Density and cdf of the univariate marginal distribution.

Usage

dmargmodel(y,mu,gam,invgam,margmodel)
pmargmodel(y,mu,gam,invgam,margmodel)
dmargmodel.ord(y,mu,gam,link)
pmargmodel.ord(y,mu,gam,link)

Arguments

Details

Negative binomial distribution NB(\tau,\xi) allows for overdispersion and its probability mass function (pmf) is given by

f(y;\tau,\xi)=\frac{\Gamma(\tau+y)}{\Gamma(\tau)\; y!} \frac{\xi^y}{(1+\xi)^{\tau + y}},\quad \begin{matrix} y=0,1,2,\ldots, \\ \tau>0,\; \xi>0,\end{matrix}

with mean \mu=\tau\,\xi=\exp(\beta^T x) and variance \tau\,\xi\,(1+\xi).

Cameron and Trivedi (1998) present the NBk parametrization where \tau=\mu^{2-k}\gamma^{-1} and \xi=\mu^{k-1}\gamma, 1\le k\le 2. In this function we use the NB1 parametrization (\tau=\mu\gamma^{-1},\; \xi=\gamma), and the NB2 parametrization (\tau=\gamma^{-1},\; \xi=\mu\gamma); the latter is the same as in Lawless (1987).

margmodel.ord is a variant of the code for ordinal (probit and logistic) model. In this case, the response Y is assumed to have density

f_1(y;\nu,\gamma)=F(\alpha_{y}+\nu)-F(\alpha_{y-1}+\nu),

where \nu=x\beta is a function of x and the p-dimensional regression vector \beta, and \gamma=(\alpha_1,\ldots,\alpha_{K-1}) is the $q$-dimensional vector of the univariate cutpoints (q=K-1). Note that F normal leads to the probit model and F logistic leads to the cumulative logit model for ordinal response.

Value

The density and cdf of the univariate distribution.

References

Cameron, A. C. and Trivedi, P. K. (1998) Regression Analysis of Count Data. Cambridge: Cambridge University Press.

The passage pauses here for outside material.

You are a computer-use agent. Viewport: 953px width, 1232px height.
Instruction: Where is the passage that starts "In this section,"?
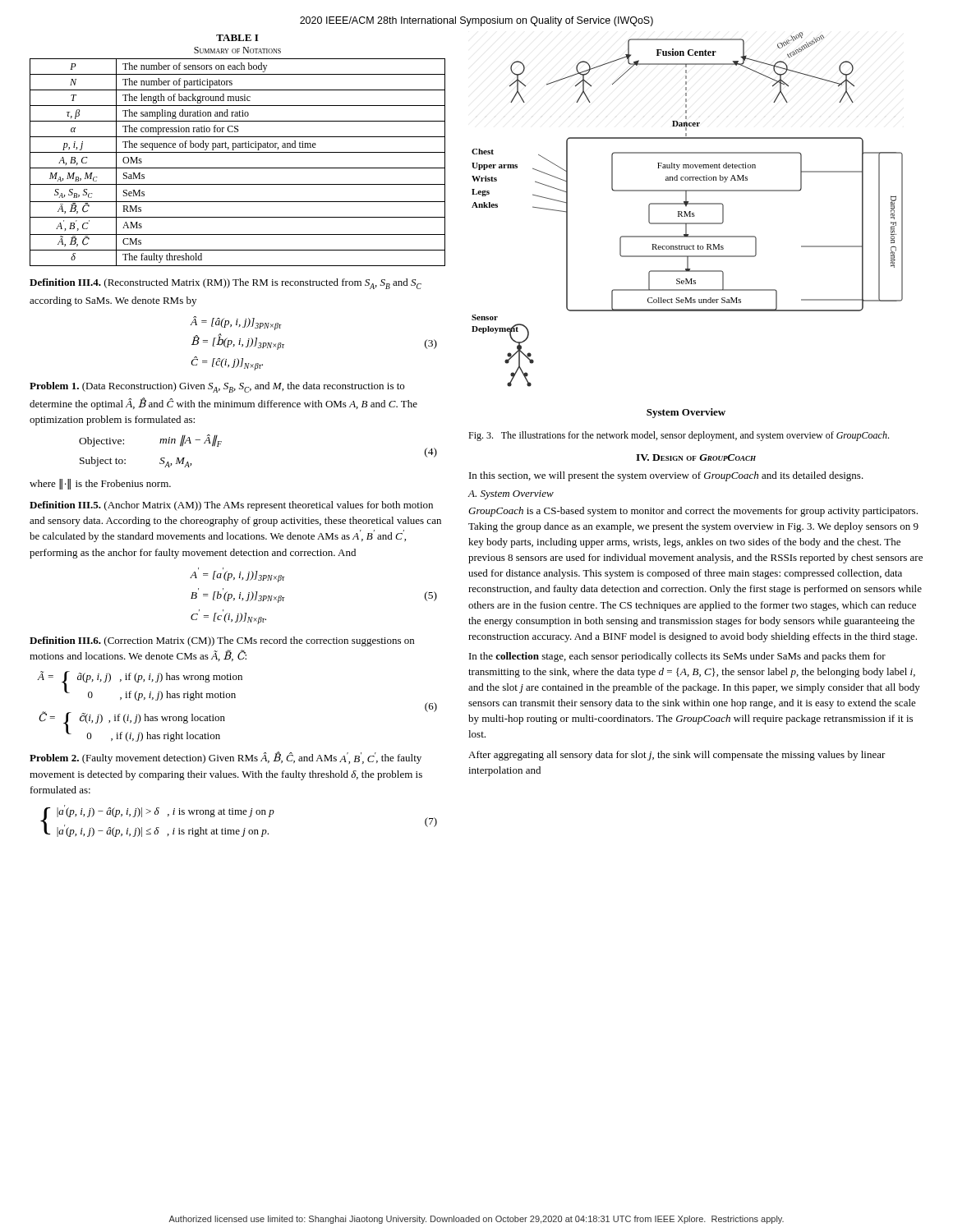[x=666, y=475]

Lawless, J. F. (1987) Negative binomial and mixed Poisson regression. The Canadian Journal of Statistics, 15, 209–225.

Examples

y<-3
gam<-2.5
invgam<-1/2.5
mu<-0.5
margmodel<-"nb2"
dmargmodel(y,mu,gam,invgam,margmodel)
pmargmodel(y,mu,gam,invgam,margmodel)
link="probit"
dmargmodel.ord(y,mu,gam,link)
pmargmodel.ord(y,mu,gam,link)